**ASSIGNED TASK:**
Below are entries; output exactly the lines from the one with "Numbers: x, y, z, sx, sy, sz, roll, pitch, yaw." to the one with "HFOV 20.9°. What", both included, and nothing else.

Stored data
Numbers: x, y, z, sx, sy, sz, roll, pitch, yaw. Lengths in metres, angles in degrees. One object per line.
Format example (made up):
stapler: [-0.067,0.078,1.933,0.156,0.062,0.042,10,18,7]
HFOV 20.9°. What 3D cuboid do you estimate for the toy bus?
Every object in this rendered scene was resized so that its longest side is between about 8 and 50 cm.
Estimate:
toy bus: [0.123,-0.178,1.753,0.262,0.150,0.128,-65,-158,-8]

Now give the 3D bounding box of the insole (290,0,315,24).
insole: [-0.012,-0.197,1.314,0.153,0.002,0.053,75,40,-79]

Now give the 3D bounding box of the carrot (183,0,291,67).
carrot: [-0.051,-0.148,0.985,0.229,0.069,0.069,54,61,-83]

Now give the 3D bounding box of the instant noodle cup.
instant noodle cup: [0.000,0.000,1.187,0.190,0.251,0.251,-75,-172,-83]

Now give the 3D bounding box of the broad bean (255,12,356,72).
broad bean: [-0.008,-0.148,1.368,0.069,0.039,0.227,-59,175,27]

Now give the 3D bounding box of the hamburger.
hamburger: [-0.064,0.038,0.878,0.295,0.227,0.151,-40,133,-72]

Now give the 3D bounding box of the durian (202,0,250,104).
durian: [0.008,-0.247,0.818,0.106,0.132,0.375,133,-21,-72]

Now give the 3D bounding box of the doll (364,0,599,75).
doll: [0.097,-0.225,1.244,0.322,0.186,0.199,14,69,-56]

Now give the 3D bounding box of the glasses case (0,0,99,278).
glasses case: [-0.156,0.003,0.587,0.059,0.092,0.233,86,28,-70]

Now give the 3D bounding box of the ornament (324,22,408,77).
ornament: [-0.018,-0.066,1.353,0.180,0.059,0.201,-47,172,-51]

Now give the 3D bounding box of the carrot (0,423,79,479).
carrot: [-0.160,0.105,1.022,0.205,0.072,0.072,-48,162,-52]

...

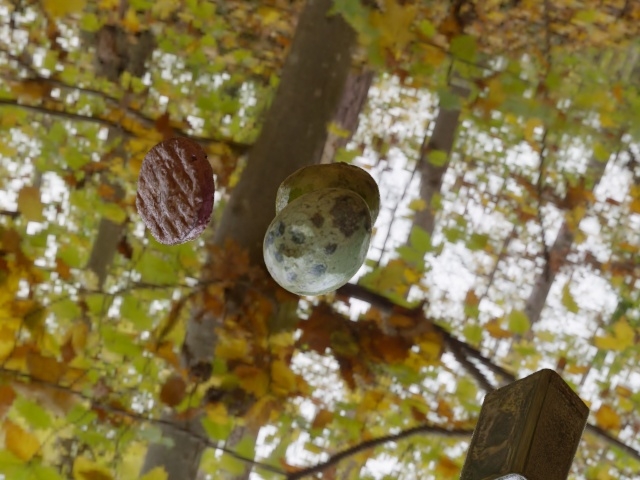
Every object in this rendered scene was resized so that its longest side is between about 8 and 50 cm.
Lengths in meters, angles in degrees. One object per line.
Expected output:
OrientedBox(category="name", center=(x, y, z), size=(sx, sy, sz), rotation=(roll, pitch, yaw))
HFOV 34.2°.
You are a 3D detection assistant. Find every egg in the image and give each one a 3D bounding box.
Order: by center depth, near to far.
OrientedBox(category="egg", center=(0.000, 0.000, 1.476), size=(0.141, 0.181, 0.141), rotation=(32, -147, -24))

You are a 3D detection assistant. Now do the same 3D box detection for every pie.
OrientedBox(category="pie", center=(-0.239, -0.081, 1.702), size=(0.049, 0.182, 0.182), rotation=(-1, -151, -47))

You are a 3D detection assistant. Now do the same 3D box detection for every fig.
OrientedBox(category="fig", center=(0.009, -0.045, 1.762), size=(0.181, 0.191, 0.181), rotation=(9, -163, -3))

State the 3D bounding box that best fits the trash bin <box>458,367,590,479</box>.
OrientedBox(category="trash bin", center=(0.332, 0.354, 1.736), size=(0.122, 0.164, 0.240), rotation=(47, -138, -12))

* * *

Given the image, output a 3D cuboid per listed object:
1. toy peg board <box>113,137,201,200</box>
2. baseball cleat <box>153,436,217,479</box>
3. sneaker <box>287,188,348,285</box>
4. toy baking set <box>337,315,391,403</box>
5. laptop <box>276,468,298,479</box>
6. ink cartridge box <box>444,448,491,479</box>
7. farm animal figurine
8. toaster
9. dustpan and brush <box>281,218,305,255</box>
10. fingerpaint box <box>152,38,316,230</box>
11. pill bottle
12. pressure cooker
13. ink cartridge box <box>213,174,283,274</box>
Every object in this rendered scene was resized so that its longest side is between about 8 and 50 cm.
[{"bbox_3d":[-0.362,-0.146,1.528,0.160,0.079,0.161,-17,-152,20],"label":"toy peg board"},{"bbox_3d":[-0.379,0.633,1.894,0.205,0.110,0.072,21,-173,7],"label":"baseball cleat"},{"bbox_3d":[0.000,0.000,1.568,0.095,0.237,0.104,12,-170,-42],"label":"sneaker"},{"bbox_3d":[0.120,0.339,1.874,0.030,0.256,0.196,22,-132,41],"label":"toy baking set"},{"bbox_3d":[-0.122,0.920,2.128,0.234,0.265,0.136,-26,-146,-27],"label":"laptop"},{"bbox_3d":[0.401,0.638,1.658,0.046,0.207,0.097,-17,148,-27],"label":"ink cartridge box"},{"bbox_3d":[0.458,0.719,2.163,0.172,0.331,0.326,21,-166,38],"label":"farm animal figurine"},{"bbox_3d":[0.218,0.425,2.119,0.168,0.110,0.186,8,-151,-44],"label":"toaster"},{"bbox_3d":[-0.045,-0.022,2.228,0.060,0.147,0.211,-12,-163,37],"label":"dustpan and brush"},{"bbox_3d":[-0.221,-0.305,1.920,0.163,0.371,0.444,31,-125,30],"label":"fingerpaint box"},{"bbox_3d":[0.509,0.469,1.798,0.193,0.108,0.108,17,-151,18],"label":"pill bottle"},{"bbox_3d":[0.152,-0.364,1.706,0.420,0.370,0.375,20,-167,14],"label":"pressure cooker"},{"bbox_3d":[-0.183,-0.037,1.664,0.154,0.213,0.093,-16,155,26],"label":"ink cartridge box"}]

**THE ANSWER:**
Numbers: x, y, z, sx, sy, sz, roll, pitch, yaw. Lengths in metres, angles in degrees. One object per line.
Format example (made up):
stapler: [-0.067,0.078,1.933,0.156,0.062,0.042,10,18,7]
HFOV 20.9°. What 3D cuboid do you estimate for the toy bus?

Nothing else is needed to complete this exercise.